What the house looked like when I first moved in … needless to say, I got a long way to go.

Art: Litter Collection

I live behind the “low-rent” shopping center in town – you’ve seen them – the ones with two tax prep places, GoodWill and the Kidney donation stores as “anchors”, Big Lots, the Spanish supermarket, a rental store, a cash checking “bank”, and a laundry mat, plus a Chinese takeout place. Mine is too low-end for even a pizza place; that is in the shopping center across the street in front of the Walmart. The non-standard items in this sprawling decrepit tapped-out capitalistic mecca is the biker bar (member-only) and a weekend auction house.

Between the three dumpsters, plus the Wendy’s at the corner, we have two or three trash trucks go through on any given day and most don’t put that barrier across the top as they travel through the neighborhood because of the low speeds. Which means trash is constantly being blown out of the dump trucks. More trash travels from people dropping something in the large parking lot when going into shop or coming back. The highway frontage doesn’t help. And still more trash is accumulated from the three bus stops and one bus station in the area as people walk to them, from them, and between them while eating or smoking and just dropping one “minor” thing. That is a lot of minor stuff between everyone.

Every day, I take a shopping bag and go out and collect trash for fifteen minutes as a break from writing. I only go one block each direction from my little corner – north, south, east, and west. Just one direction per day.

Every day I come back with a full bag of trash. I’ve been doing this for years.

That is how much litter is in my little part of the world. A small bag every day. If I don’t do it for a month, I’m 30 bags behind and can collect them if I double or triple up the bags for a longer walk.

I’ve had random passers-by ask if I am doing forced community service. I’m like “I live here and want to have a clean place to live.”

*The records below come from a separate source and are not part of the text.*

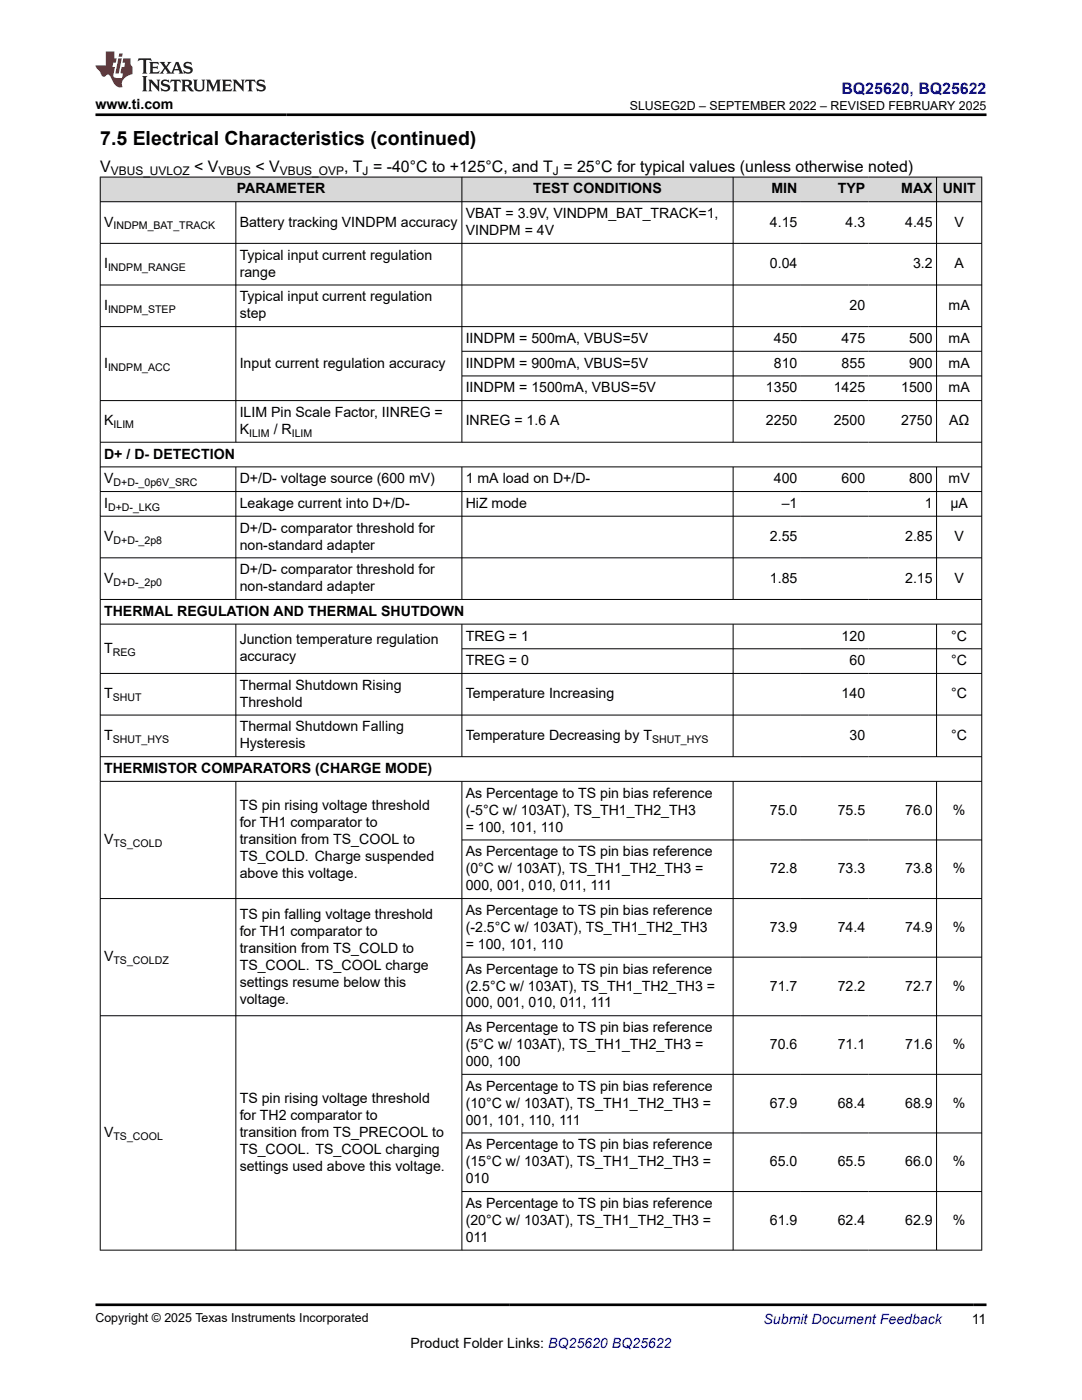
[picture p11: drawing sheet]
<svg xmlns="http://www.w3.org/2000/svg" width="216mm" height="279mm" viewBox="0 0 216 279" stroke-linecap="round" stroke-linejoin="round" font-family="sans-serif">
<defs><g id="words">
<text font-size="3.9" x="20" y="28.8">7.5 Electrical Characteristics (continued)</text>
<text font-size="3.2" fill="#00f" x="167.9" y="18.7">BQ25620, BQ25622</text>
<g font-size="3.2">
<text x="20" y="34.3">V</text>
<text x="38.7" y="34.3">&lt; V</text>
<text x="51" y="34.3">&lt; V</text>
<text x="68.7" y="34.3">, T = -40°C to +125°C, and T = 25°C for typical values (unless otherwise noted)</text>
</g>
<g font-size="2.8">
<text x="19" y="21.8">www.ti.com</text>
<text x="47.2" y="38.6">PARAMETER</text>
<text x="106.4" y="38.6">TEST CONDITIONS</text>
<text x="153.9" y="38.6">MIN</text>
<text x="167.2" y="38.6">TYP</text>
<text x="179.8" y="38.6">MAX</text>
<text x="188.1" y="38.6">UNIT</text>
<text x="20.8" y="45.2">V</text>
<text x="47.8" y="45.2">Battery tracking VINDPM accuracy</text>
<text x="92.9" y="43.5">VBAT = 3.9V, VINDPM_BAT_TRACK=1,</text>
<text x="92.9" y="46.9">VINDPM = 4V</text>
<text x="153.6" y="45.2">4.15</text>
<text x="168.7" y="45.2">4.3</text>
<text x="180.6" y="45.2">4.45</text>
<text x="190.4" y="45.2">V</text>
<text x="20.8" y="53.5">I</text>
<text x="47.8" y="51.8">Typical input current regulation</text>
<text x="153.6" y="53.5">0.04</text>
<text x="182.2" y="53.5">3.2</text>
<text x="190.4" y="53.5">A</text>
<text x="47.8" y="55.2">range</text>
<text x="20.8" y="61.8">I</text>
<text x="47.8" y="60.2">Typical input current regulation</text>
<text x="47.8" y="63.5">step</text>
<text x="169.5" y="61.8">20</text>
<text x="189.3" y="61.8">mA</text>
<text x="92.9" y="68.5">IINDPM = 500mA, VBUS=5V</text>
<text x="154.4" y="68.5">450</text>
<text x="167.9" y="68.5">475</text>
<text x="181.4" y="68.5">500</text>
<text x="189.3" y="68.5">mA</text>
<text x="20.8" y="73.4">I</text>
<text x="47.8" y="73.4">Input current regulation accuracy</text>
<text x="92.9" y="73.4">IINDPM = 900mA, VBUS=5V</text>
<text x="154.4" y="73.4">810</text>
<text x="167.9" y="73.4">855</text>
<text x="181.4" y="73.4">900</text>
<text x="189.3" y="73.4">mA</text>
<text x="47.8" y="83.2">ILIM Pin Scale Factor, IINREG =</text>
<text x="92.9" y="78.3">IINDPM = 1500mA, VBUS=5V</text>
<text x="152.8" y="78.3">1350</text>
<text x="166.4" y="78.3">1425</text>
<text x="179.8" y="78.3">1500</text>
<text x="189.3" y="78.3">mA</text>
<text x="20.8" y="84.9">K</text>
<text x="47.8" y="86.6">K</text>
<text x="54.6" y="86.6">/ R</text>
<text x="92.9" y="84.9">INREG = 1.6 A</text>
<text x="152.8" y="84.9">2250</text>
<text x="166.4" y="84.9">2500</text>
<text x="179.8" y="84.9">2750</text>
<text x="189.4" y="84.9">AΩ</text>
<text x="20.8" y="91.5">D+ / D- DETECTION</text>
<text x="20.8" y="96.5">V</text>
<text x="20.8" y="101.4">I</text>
<text x="47.8" y="96.5">D+/D- voltage source (600 mV)</text>
<text x="47.8" y="101.4">Leakage current into D+/D-</text>
<text x="92.9" y="96.5">1 mA load on D+/D-</text>
<text x="92.9" y="101.4">HiZ mode</text>
<text x="154.4" y="96.5">400</text>
<text x="156" y="101.4">–1</text>
<text x="167.9" y="96.5">600</text>
<text x="181.4" y="96.5">800</text>
<text x="184.5" y="101.4">1</text>
<text x="189.3" y="96.5">mV</text>
<text x="189.6" y="101.4">µA</text>
<text x="20.8" y="108">V</text>
<text x="47.8" y="106.3">D+/D- comparator threshold for</text>
<text x="153.6" y="108">2.55</text>
<text x="180.6" y="108">2.85</text>
<text x="190.4" y="108">V</text>
<text x="47.8" y="109.7">non-standard adapter</text>
<text x="20.8" y="116.3">V</text>
<text x="47.8" y="114.6">D+/D- comparator threshold for</text>
<text x="47.8" y="118">non-standard adapter</text>
<text x="153.6" y="116.3">1.85</text>
<text x="180.6" y="116.3">2.15</text>
<text x="190.4" y="116.3">V</text>
<text x="20.8" y="122.9">THERMAL REGULATION AND THERMAL SHUTDOWN</text>
<text x="20.8" y="130.3">T</text>
<text x="47.8" y="128.6">Junction temperature regulation</text>
<text x="47.8" y="132">accuracy</text>
<text x="92.9" y="127.8">TREG = 1</text>
<text x="167.9" y="127.8">120</text>
<text x="189.8" y="127.8">°C</text>
<text x="47.8" y="137.7">Thermal Shutdown Rising</text>
<text x="92.9" y="132.8">TREG = 0</text>
<text x="169.5" y="132.8">60</text>
<text x="189.8" y="132.8">°C</text>
<text x="20.8" y="139.4">T</text>
<text x="47.8" y="141.1">Threshold</text>
<text x="92.9" y="139.4">Temperature Increasing</text>
<text x="167.9" y="139.4">140</text>
<text x="189.8" y="139.4">°C</text>
<text x="20.8" y="147.7">T</text>
<text x="47.8" y="146">Thermal Shutdown Falling</text>
<text x="47.8" y="149.4">Hysteresis</text>
<text x="92.9" y="147.7">Temperature Decreasing by T</text>
<text x="169.5" y="147.7">30</text>
<text x="189.8" y="147.7">°C</text>
<text x="20.8" y="154.3">THERMISTOR COMPARATORS (CHARGE MODE)</text>
<text x="47.8" y="161.7">TS pin rising voltage threshold</text>
<text x="92.9" y="159.2">As Percentage to TS pin bias reference</text>
<text x="47.8" y="165.1">for TH1 comparator to</text>
<text x="92.9" y="162.6">(-5°C w/ 103AT), TS_TH1_TH2_TH3</text>
<text x="92.9" y="166">= 100, 101, 110</text>
<text x="153.6" y="162.6">75.0</text>
<text x="167.1" y="162.6">75.5</text>
<text x="180.6" y="162.6">76.0</text>
<text x="190.1" y="162.6">%</text>
<text x="20.8" y="168.4">V</text>
<text x="47.8" y="168.4">transition from TS_COOL to</text>
<text x="47.8" y="171.8">TS_COLD. Charge suspended</text>
<text x="92.9" y="170.9">As Percentage to TS pin bias reference</text>
<text x="47.8" y="175.2">above this voltage.</text>
<text x="92.9" y="174.3">(0°C w/ 103AT), TS_TH1_TH2_TH3 =</text>
<text x="92.9" y="177.7">000, 001, 010, 011, 111</text>
<text x="153.6" y="174.3">72.8</text>
<text x="167.1" y="174.3">73.3</text>
<text x="180.6" y="174.3">73.8</text>
<text x="190.1" y="174.3">%</text>
<text x="47.8" y="183.4">TS pin falling voltage threshold</text>
<text x="92.9" y="182.6">As Percentage to TS pin bias reference</text>
<text x="92.9" y="186">(-2.5°C w/ 103AT), TS_TH1_TH2_TH3</text>
<text x="153.6" y="186">73.9</text>
<text x="167.1" y="186">74.4</text>
<text x="180.6" y="186">74.9</text>
<text x="190.1" y="186">%</text>
<text x="20.8" y="191.8">V</text>
<text x="47.8" y="186.8">for TH1 comparator to</text>
<text x="47.8" y="190.1">transition from TS_COLD to</text>
<text x="92.9" y="189.4">= 100, 101, 110</text>
<text x="47.8" y="193.5">TS_COOL. TS_COOL charge</text>
<text x="47.8" y="196.9">settings resume below this</text>
<text x="92.9" y="194.3">As Percentage to TS pin bias reference</text>
<text x="92.9" y="197.7">(2.5°C w/ 103AT), TS_TH1_TH2_TH3 =</text>
<text x="153.6" y="197.7">71.7</text>
<text x="167.1" y="197.7">72.2</text>
<text x="180.6" y="197.7">72.7</text>
<text x="190.1" y="197.7">%</text>
<text x="47.8" y="200.3">voltage.</text>
<text x="92.9" y="201.1">000, 001, 010, 011, 111</text>
<text x="92.9" y="206">As Percentage to TS pin bias reference</text>
<text x="92.9" y="209.4">(5°C w/ 103AT), TS_TH1_TH2_TH3 =</text>
<text x="153.6" y="209.4">70.6</text>
<text x="167.1" y="209.4">71.1</text>
<text x="180.6" y="209.4">71.6</text>
<text x="190.1" y="209.4">%</text>
<text x="92.9" y="212.8">000, 100</text>
<text x="47.8" y="220.1">TS pin rising voltage threshold</text>
<text x="92.9" y="217.7">As Percentage to TS pin bias reference</text>
<text x="92.9" y="221.1">(10°C w/ 103AT), TS_TH1_TH2_TH3 =</text>
<text x="153.6" y="221.1">67.9</text>
<text x="167.1" y="221.1">68.4</text>
<text x="180.6" y="221.1">68.9</text>
<text x="190.1" y="221.1">%</text>
<text x="20.8" y="226.9">V</text>
<text x="47.8" y="223.5">for TH2 comparator to</text>
<text x="47.8" y="226.9">transition from TS_PRECOOL to</text>
<text x="92.9" y="224.5">001, 101, 110, 111</text>
<text x="47.8" y="230.3">TS_COOL. TS_COOL charging</text>
<text x="47.8" y="233.7">settings used above this voltage.</text>
<text x="92.9" y="229.4">As Percentage to TS pin bias reference</text>
<text x="92.9" y="232.8">(15°C w/ 103AT), TS_TH1_TH2_TH3 =</text>
<text x="153.6" y="232.8">65.0</text>
<text x="167.1" y="232.8">65.5</text>
<text x="180.6" y="232.8">66.0</text>
<text x="190.1" y="232.8">%</text>
<text x="92.9" y="236.2">010</text>
<text x="92.9" y="241.1">As Percentage to TS pin bias reference</text>
<text x="92.9" y="244.5">(20°C w/ 103AT), TS_TH1_TH2_TH3 =</text>
<text x="153.6" y="244.5">61.9</text>
<text x="167.1" y="244.5">62.4</text>
<text x="180.6" y="244.5">62.9</text>
<text x="190.1" y="244.5">%</text>
<text x="92.9" y="247.8">011</text>
<text x="81.9" y="269">Product Folder Links: BQ25620 BQ25622</text>
<text x="193.9" y="264.2">11</text>
</g>
<text font-size="2.8" fill="#00f" x="152.4" y="264.2">Submit Document Feedback</text>
<g font-size="2.5">
<text x="125.7" y="21.9">SLUSEG2D – SEPTEMBER 2022 – REVISED FEBRUARY 2025</text>
<text x="19" y="263.9">Copyright © 2025 Texas Instruments Incorporated</text>
</g>
<g font-size="2.4">
<text x="22.1" y="34.9">VBUS_UVLOZ</text>
<text x="43.6" y="34.9">VBUS</text>
<text x="55.8" y="34.9">VBUS_OVP</text>
<text x="72.4" y="34.9">J</text>
<text x="110.3" y="34.9">J</text>
</g>
<g font-size="2.1">
<text x="22.6" y="45.8">INDPM_BAT_TRACK</text>
<text x="21.6" y="54.1">INDPM_RANGE</text>
<text x="21.6" y="62.4">INDPM_STEP</text>
<text x="21.6" y="73.9">INDPM_ACC</text>
<text x="22.6" y="85.5">ILIM</text>
<text x="49.7" y="87.2">ILIM</text>
<text x="58.2" y="87.2">ILIM</text>
<text x="21.6" y="101.9">D+D-_LKG</text>
<text x="22.6" y="97">D+D-_0p6V_SRC</text>
<text x="22.6" y="108.6">D+D-_2p8</text>
<text x="22.6" y="116.9">D+D-_2p0</text>
<text x="22.5" y="130.9">REG</text>
<text x="22.5" y="139.9">SHUT</text>
<text x="22.5" y="148.2">SHUT_HYS</text>
<text x="130.1" y="148.2">SHUT_HYS</text>
<text x="22.6" y="169">TS_COLD</text>
<text x="22.6" y="192.4">TS_COLDZ</text>
<text x="22.6" y="227.5">TS_COOL</text>
</g>
</g></defs>
<g fill="#d8d8d8">
<path d="M20 35.3h175.9v5h-175.9z" fill-rule="evenodd"/>
<path d="M20.1 35.4h72v4.8h-72z" fill-rule="evenodd"/>
<path d="M92.2 35.4h54v4.8h-54z" fill-rule="evenodd"/>
<path d="M146.3 35.4h13.5v4.8h-13.5z" fill-rule="evenodd"/>
<path d="M159.8 35.4h13.5v4.8h-13.5z" fill-rule="evenodd"/>
<path d="M173.3 35.4h13.5v4.8h-13.5z" fill-rule="evenodd"/>
<path d="M186.9 35.4h8.9v4.8h-8.9z" fill-rule="evenodd"/>
</g>
<g fill="none" stroke="#000" stroke-width=".2">
<path d="M19.9 35.3h176.1M20 35.3v214.3M92.2 35.3v53M146.3 35.3v53M186.9 35.3v53M195.9 35.3v214.3M19.9 40.3h176.1M19.9 48.6h176.1M19.9 56.9h176.1M47.1 40.3v48M19.9 65.2h176.1M92.2 70.1h103.8"/>
<path d="M92.2 75h103.8M196 79.9h-176.1M19.9 88.3h176.1M19.9 93.2h176.1M19.9 98.1h176.1M47.1 93.2v26.5M92.2 93.2v26.5M146.3 93.2v26.5M186.9 93.2v26.5M19.9 103h176.1M19.9 111.3h176.1M19.9 119.6h176.1"/>
<path d="M19.9 124.6h176.1M47.1 124.6v26.5M92.2 124.6v26.5M92.2 129.5h103.8M146.3 124.6v26.5M186.9 124.6v26.5M196 134.4h-176.1M19.9 142.7h176.1M19.9 151h176.1M19.9 155.9h176.1M47.1 155.9v93.7M92.2 155.9v93.7"/>
<path d="M146.3 155.9v93.7M186.9 155.9v93.7M92.2 167.6h103.8M196 179.3h-176.1M92.2 191h103.8M92.2 214.4h103.8M196 202.7h-176.1M92.2 226.1h103.8M92.2 237.8h103.8M19.9 249.5h176.1"/>
</g>
<path d="M27.7 11.6l-.2 .6 .5-.2h.6v.1v2.2l-.2 .4h1l-.2-.4v-2.2v-.1h.5l.5 .2-.1-.6zM29.8 12.4l.2 .3v1.6l-.2 .4h1.9l.1-.6a1.08 1.08 0 0 1-1.3 .2v-.7h.6l.4 .2v-.7l-.4 .2h-.6v-.5l.2-.2a1 1 0 0 1 1 .3l-.1-.5zM31.8 12.4l1 1.1-1 1.2h.9l-.2-.2 .4-.8 .5 .8-.2 .2h1.6l-.2-.2 .1-.5h1l.1 .5-.1 .2h.9l-.2-.4-.8-1.9h-.5l-1 2.1-.8-1.1 .9-1h-.8l.2 .2-.5 .6-.3-.6 .1-.2zM35.2 12.8l.4 1h-.8zM36.8 12.5a.65 .65 0 0 0-.2 .7 .65 .65 0 0 0 .6 .5l.7 .1 .1 .3a.79 .79 0 0 1-.7 .4 .79 .79 0 0 1-.7-.5l.1 .7 .2-.1a.93 .93 0 0 0 1.1 0 .93 .93 0 0 0 .4-.9 1.46 1.46 0 0 0-1.2-.6l-.1-.3a1.09 1.09 0 0 1 1.2 .2l-.2-.6-.1 .1-.6-.2zM28.4 15.2l.2 .4v2.2l-.2 .4h1l-.2-.4v-2.2l.2-.4zM29.6 15.9l.2 .4v1.5l-.2 .4h.8l-.3-.4v-1.3l1.7 1.8v-2l.2-.4h-.8l.2 .2 .1 1.1-1.2-1.3zM32.3 16a.65 .65 0 0 0-.2 .8 .65 .65 0 0 0 .7 .4l.6 .2 .1 .2a.79 .79 0 0 1-.7 .4 .79 .79 0 0 1-.7-.5l.1 .7 .2-.1a.93 .93 0 0 0 1.1 .1 .93 .93 0 0 0 .4-1 1.46 1.46 0 0 0-1.2-.5l-.1-.4a1.09 1.09 0 0 1 1.2 .2l-.2-.6-.1 .1-.6-.1zM34.1 15.9l-.1 .6a.63 .63 0 0 1 .7-.3l.1 1.6-.3 .4h1l-.2-.4v-1.6a.66 .66 0 0 1 .8 .3l-.1-.6zM36.2 15.9l.2 .4v1.5l-.2 .4h.9l-.2-.2v-.7h.5l.1 .2a.79 .79 0 0 0 1.2 .6l-1-.9a.61 .61 0 0 0 .6-.6 .61 .61 0 0 0-.5-.7zM36.9 16.2h.2a.47 .47 0 0 1 .5 .1 .47 .47 0 0 1 .1 .5l-.2 .1-.6 .1zM38.5 15.9l.2 .2a2.27 2.27 0 0 0 .4 2 1.04 1.04 0 0 0 1.7-.7v-1.3l.2-.2h-.8l.2 .4v1.1a.6 .6 0 0 1-.6 .6 .6 .6 0 0 1-.6-.6v-1.1l.3-.4zM41.1 15.9l.2 .4v1.5l-.2 .4h.7l-.2-.4v-1.4l.9 1.9 .8-1.9v1.4l-.2 .4h1l-.3-.4v-1.5l.3-.4h-.8l-.7 1.5-.7-1.5zM44.3 15.9l.2 .4v1.5l-.2 .4h1.9l.1-.6a1.09 1.09 0 0 1-1.3 .2v-.7h.6l.4 .2v-.6l-.4 .2h-.6v-.6l.2-.1a1.01 1.01 0 0 1 1 .3l-.1-.6zM46.4 15.9l.3 .4v1.5l-.3 .4h.8l-.2-.4v-1.3l1.6 1.8v-2l.2-.4h-.7l.2 .2v1.1l-1.2-1.3zM49 15.9l-.1 .6a.63 .63 0 0 1 .8-.3v1.6l-.3 .4h1l-.2-.4v-1.6a.66 .66 0 0 1 .8 .3l-.1-.6zM51.4 16a.65 .65 0 0 0-.2 .8 .65 .65 0 0 0 .6 .4l.6 .2 .2 .2a.79 .79 0 0 1-.8 .4 .79 .79 0 0 1-.6-.5l.1 .7 .2-.1a.93 .93 0 0 0 1 .1 .93 .93 0 0 0 .5-1 1.46 1.46 0 0 0-1.3-.5l-.1-.4a1.09 1.09 0 0 1 1.3 .2l-.2-.6-.2 .1-.5-.1z" fill="#231f20"/>
<path d="M21.1 10.3v2.7h-2.1l.1 .4 .9 1a.95 .95 0 0 0 .9 .9 .59 .59 0 0 1 .6-.4 .59 .59 0 0 1 .5 .3l.4 .8a1.59 1.59 0 0 0 2.1 1.4 1.61 1.61 0 0 1 1-2.3l1-.3-.1-1.5a1.59 1.59 0 0 1-.4-1.7h-1.4l-.2 .9h.5l-.1 .9h-.5l-.2 .9v.3l.4 .1-.2 .9h-.6a.73 .73 0 0 1-1.1-.7l.3-1.5h-.5l.2-.9h.5l.2-.9h-.5v-1.3zM23.6 11.6l-.6 3.1h.7l.6-3.1zM23.8 10.7l-.1 .6h.7l.1-.6z" fill="#ed1c24"/>
<path d="M19 22.9h177.8M19 260.4h177.8" fill="none" stroke="#000" stroke-width=".53"/>
<use href="#words"/>
</svg>

I mean how hard it that to understand? You live in the world, maintenance is needed.

I can’t stand exercise just to exercise. And just cleaning trash would annoy me to. But combining the two, making the world prettier and keeping me healthy at the same time – just all the positives.

Litter collection – community, personal health, gardening, making the world pretty. An art in itself.

January is just around the corner and many people make exercise commitments, but don’t stick with them because … exercise just to exercise doesn’t have much incentive. Maybe doing something as a “plus” might help like it does for me. Get a little reacher thing (available in the Walmarts in the pharmacy area near the canes) and take one of the small shopping bags and collect litter for 15 minutes each day on your walk. You too can leave the world better than you found it each and every day.